6.2.1.  Primitive types

From ISO 19103:2015 §7.2.1 and 7.2.5 to 7.2.11

Each primitive type of the OGC/ISO specifications maps to zero, one or two object structures in GeoAPI. Where the mapping can be made directly to a programming language primitive type, such as int and float, the language primitive is preferred. In languages where “primitives” and “wrappers” are distinct, wrappers may be used instead of primitives on a case-by-case basis. The following table shows the mapping used by GeoAPI to represent the primitive types in the ISO 19100 series.

Table 3 — Primitive types mapping

Notes:

• (1) Wrapper types such as java​.lang​.Integer or java​.util​.Optional­Int may be used where appropriate.

• (2) Sometimes substituted by long or java​.lang​.Long where the value may exceed 2³².

• (3) Decimal differs from Real, as Decimal is exact in base 10 while Real may not.

• (4) Substituted by org​.opengis​.util​.International­String where the string representation depends on the locale.

• (5) Actually an extension data type defined in ISO 19103:2015 annex C.2. See internationalization in Clause 6.2.8.

6.2.2.  Date and time

From ISO 19103:2015 §7.2.2 to 7.2.4

The ISO 19103 Date interface gives values for year, month and day while the Time interface gives values for hour, minute and second. DateTime is the combination of a date with a time, with or without timezone. GeoAPI maps the ISO date and time interfaces to the types provided in the standard library of target languages. In some cases like Java, this mapping forces GeoAPI to choose whether the time component shall include timezone information or not since the choices are represented by different types (e.g. LocalDateTime, OffsetDateTime and ZonedDateTime). The timezone information is often desired for geospatial data (for example in the acquisition time of a remote sensing image), but may be undesired for some other cases like office opening hours. In the latter case, the decision to include timezone or not depends if the opening hours apply to one specific office or to all offices spanning the multiple timezones of a country. GeoAPI generally includes timezone information, but this policy may be adjusted on a case-by-case basis.

Table 4 — Date and time types mapping

Notes:

• (1) Some properties defined in GeoAPI 3.x use the legacy java​.util​.Date class for historical reasons.

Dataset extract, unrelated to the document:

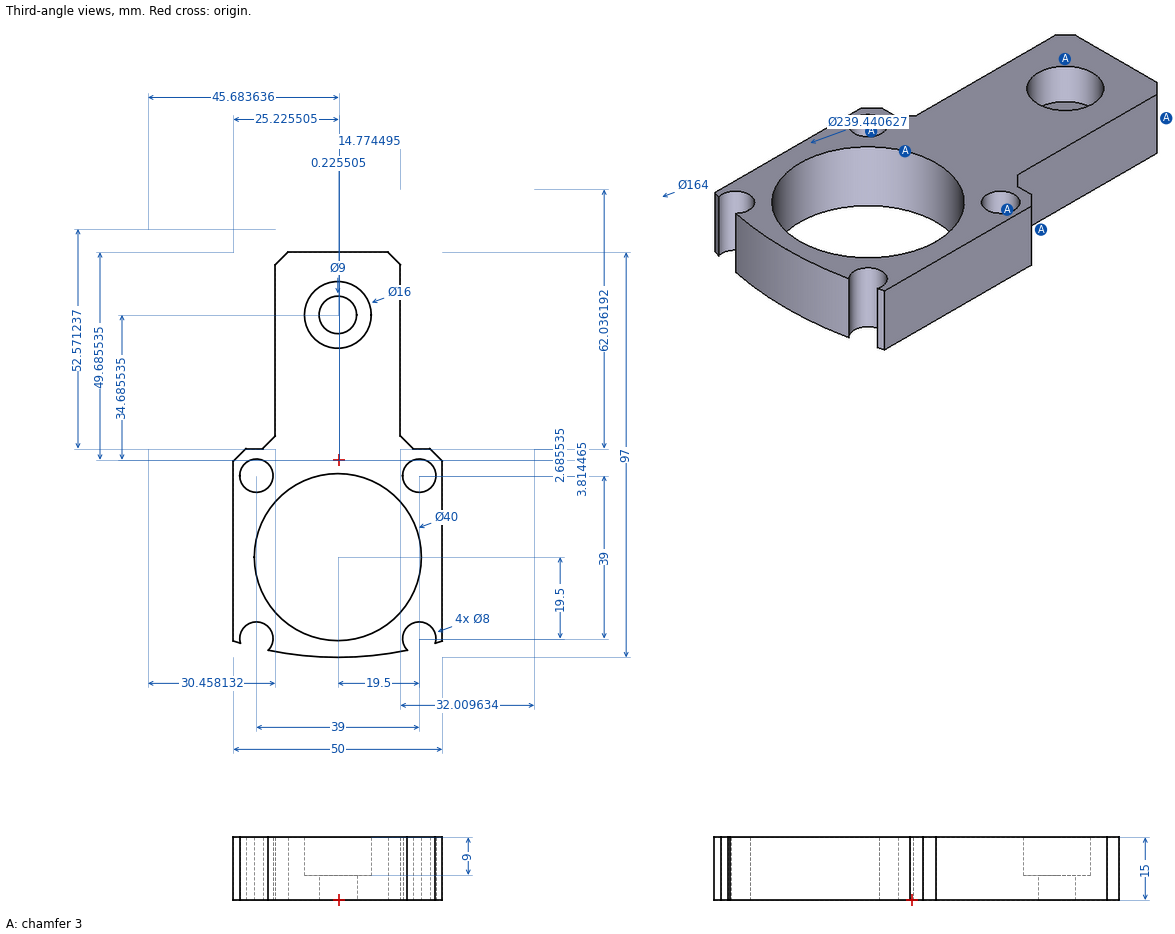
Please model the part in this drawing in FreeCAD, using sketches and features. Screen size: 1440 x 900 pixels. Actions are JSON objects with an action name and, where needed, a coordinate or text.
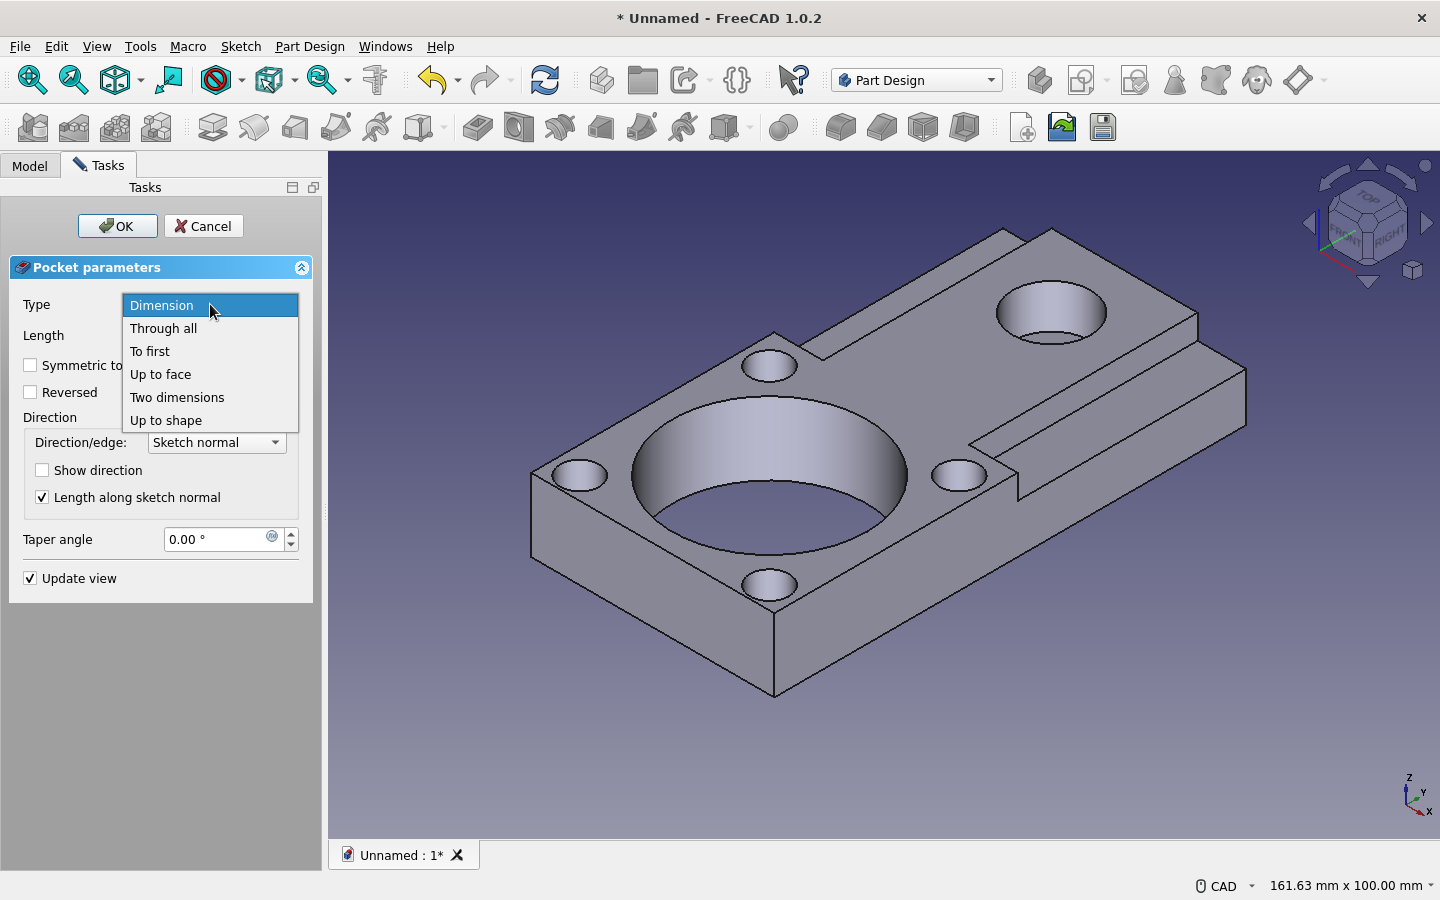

DateTime is distinct from Instant. The former is expressed in the proleptic Gregorian calendar as described in ISO 8601-1:2019, while the latter is an instantaneous point on the selected time scale, astronomical or atomic. An Instant does not have year, month or day components. It is instead a duration elapsed since an epoch, and its conversion to a Date­Time may be complicated. In GeoAPI, temporal objects in metadata are typically Date­Time while coordinates in a temporal coordinate reference system are typically Instant.

6.2.3.  Collections

From ISO 19103:2015 §7.3

GeoAPI implements ISO 19103 collection interfaces using the standard Collections Frameworks provided by Java and Python. A Set is a finite collection of objects where each object appears only once. A Bag is similar to a Set except that it may contain duplicated instances. The order of elements in a Set or a Bag is not specified. A Sequence is similar to a Bag except that elements are ordered.

Table 5 — Collections mapping

Unless otherwise required by the semantic of a property, GeoAPI preferably uses the Collection type in Java method signatures. This allows implementers to choose their preferred subtypes, usually Set or Sequence. The Set type is not the default type because enforcing element uniqueness may constraint implementations to use hash tables or similar algorithms, which is not always practical.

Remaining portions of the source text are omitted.